* TASK TO COMPLETE
Your task is to write out the entire listing exactly, omitting its pictures.

* ENTRIES PROVIDED
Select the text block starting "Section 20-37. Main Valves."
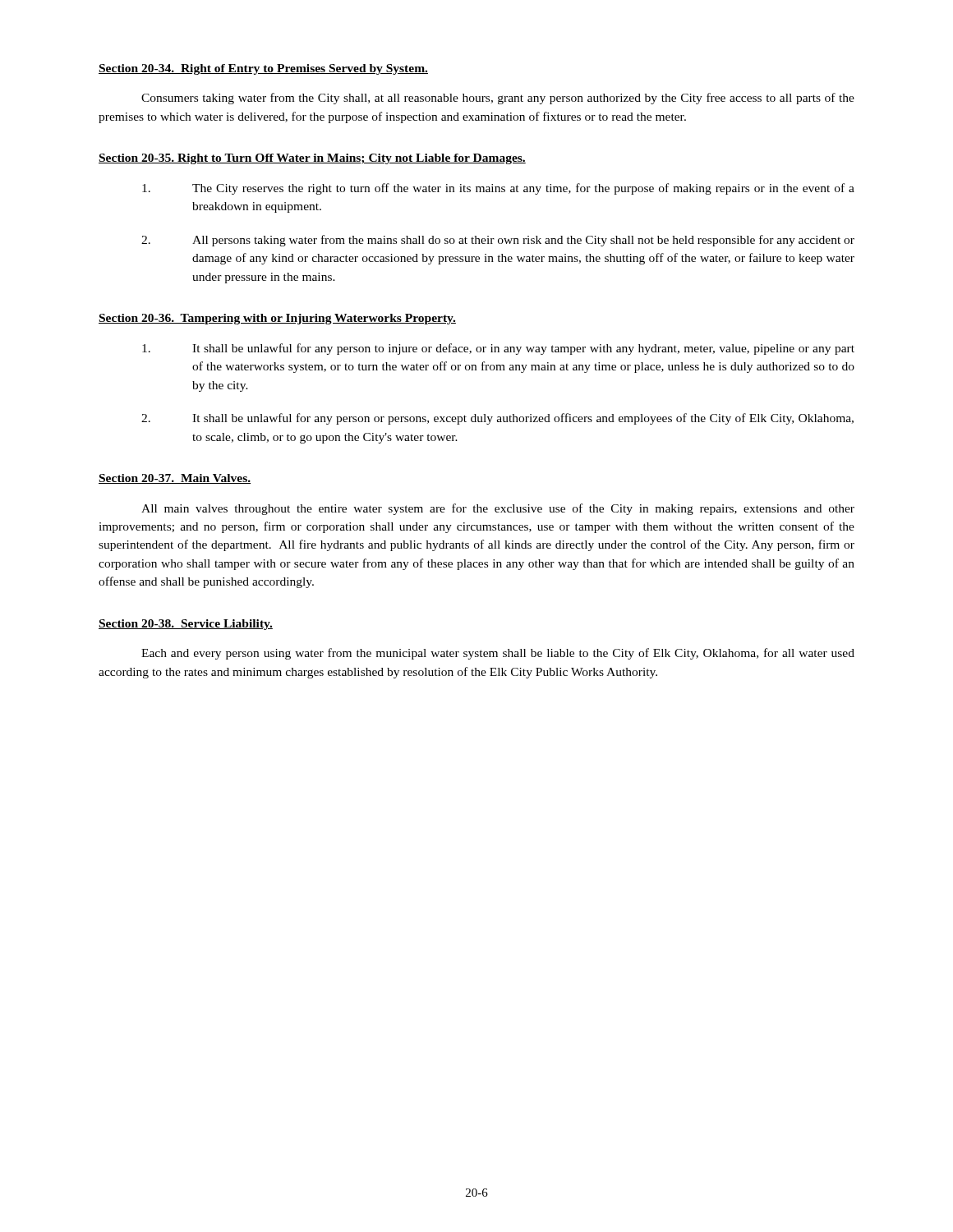point(175,478)
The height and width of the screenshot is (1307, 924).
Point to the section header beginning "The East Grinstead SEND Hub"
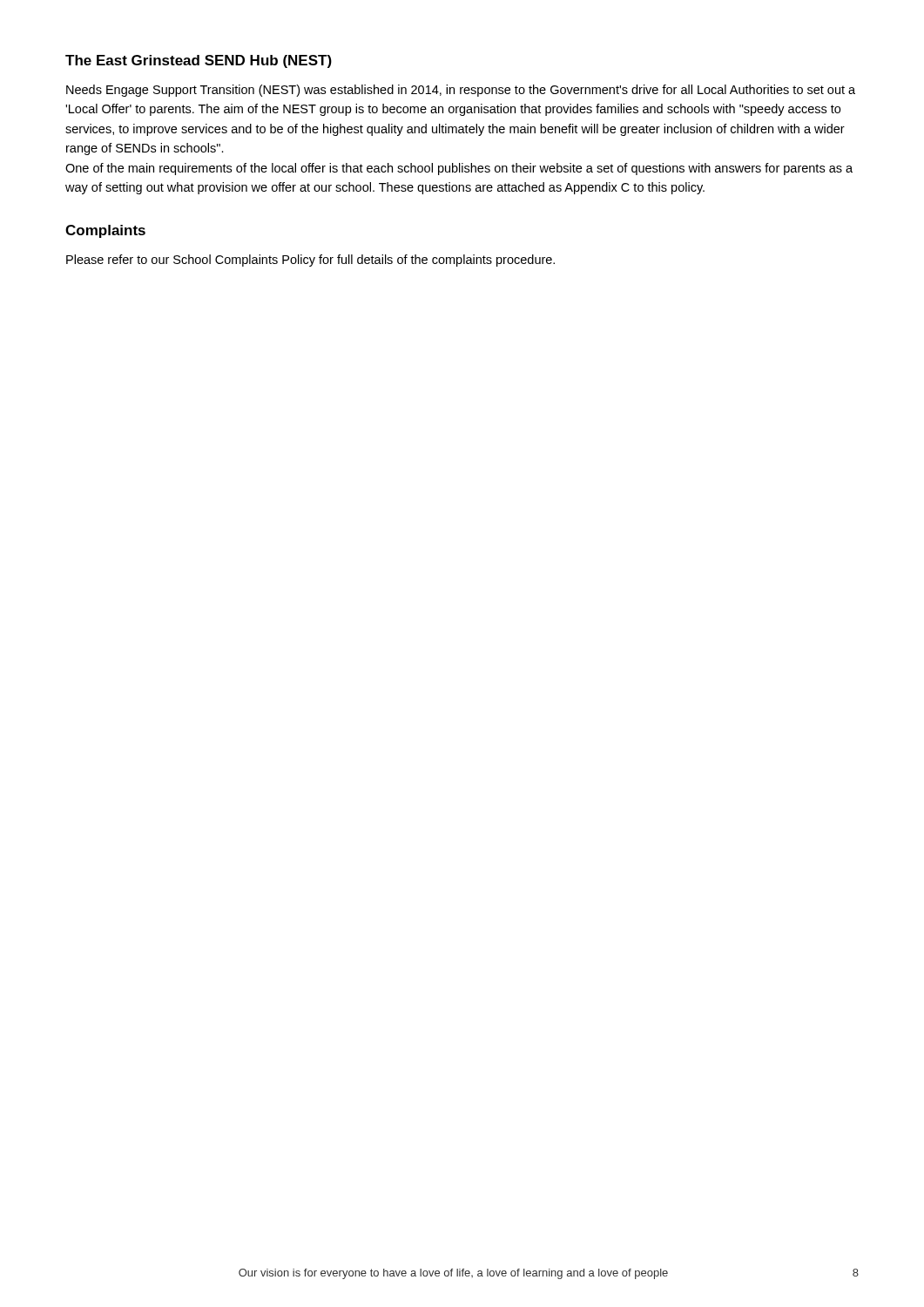[x=199, y=61]
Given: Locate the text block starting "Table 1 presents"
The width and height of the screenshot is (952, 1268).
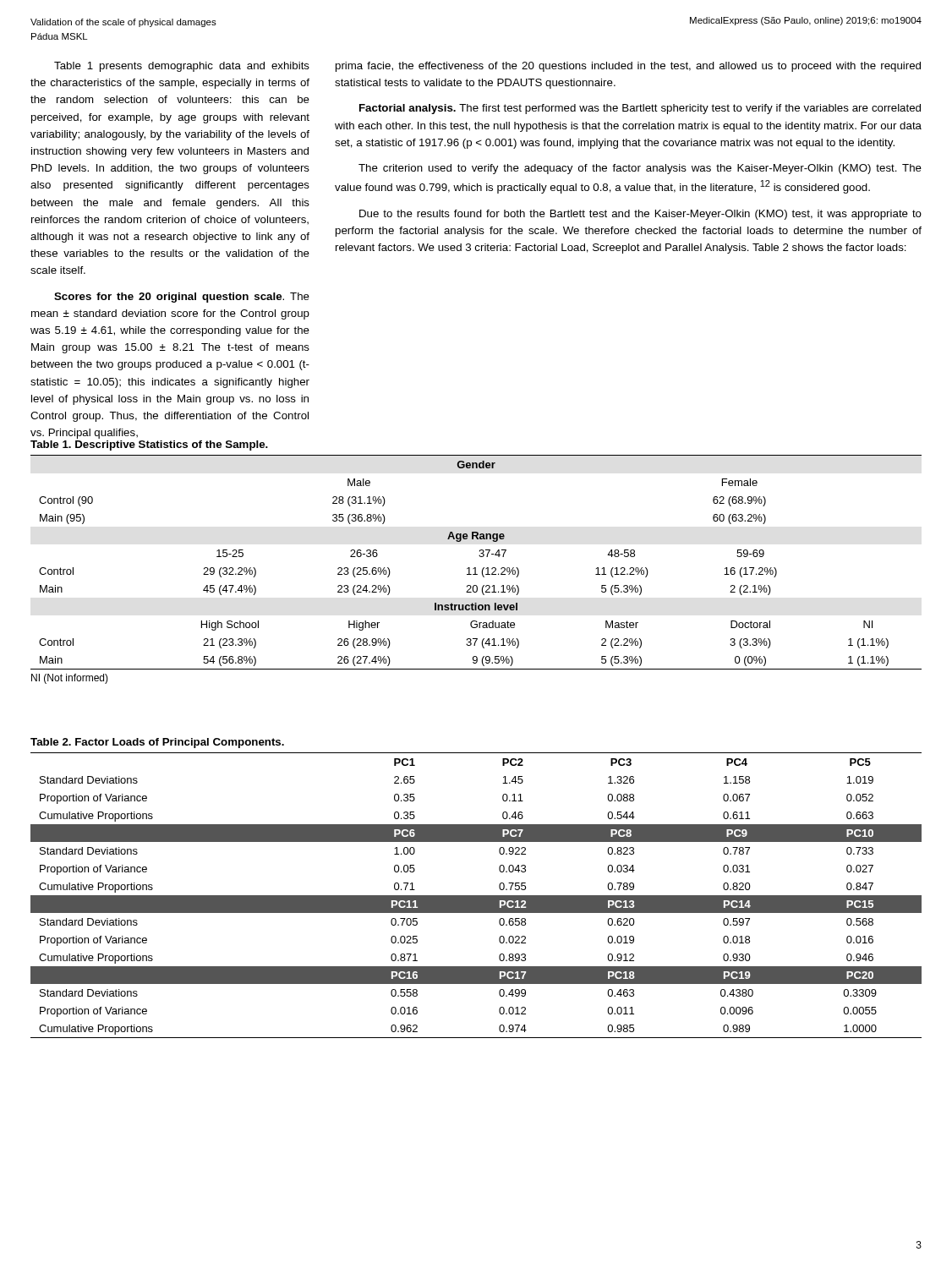Looking at the screenshot, I should coord(170,168).

* THE ANSWER
Select the text block starting "Section 20-37. Main Valves."
point(175,478)
The height and width of the screenshot is (1307, 924).
Point to the section header beginning "The East Grinstead SEND Hub"
[x=199, y=61]
Given: Locate the text block starting "Table 1 presents"
The width and height of the screenshot is (952, 1268).
Looking at the screenshot, I should coord(170,168).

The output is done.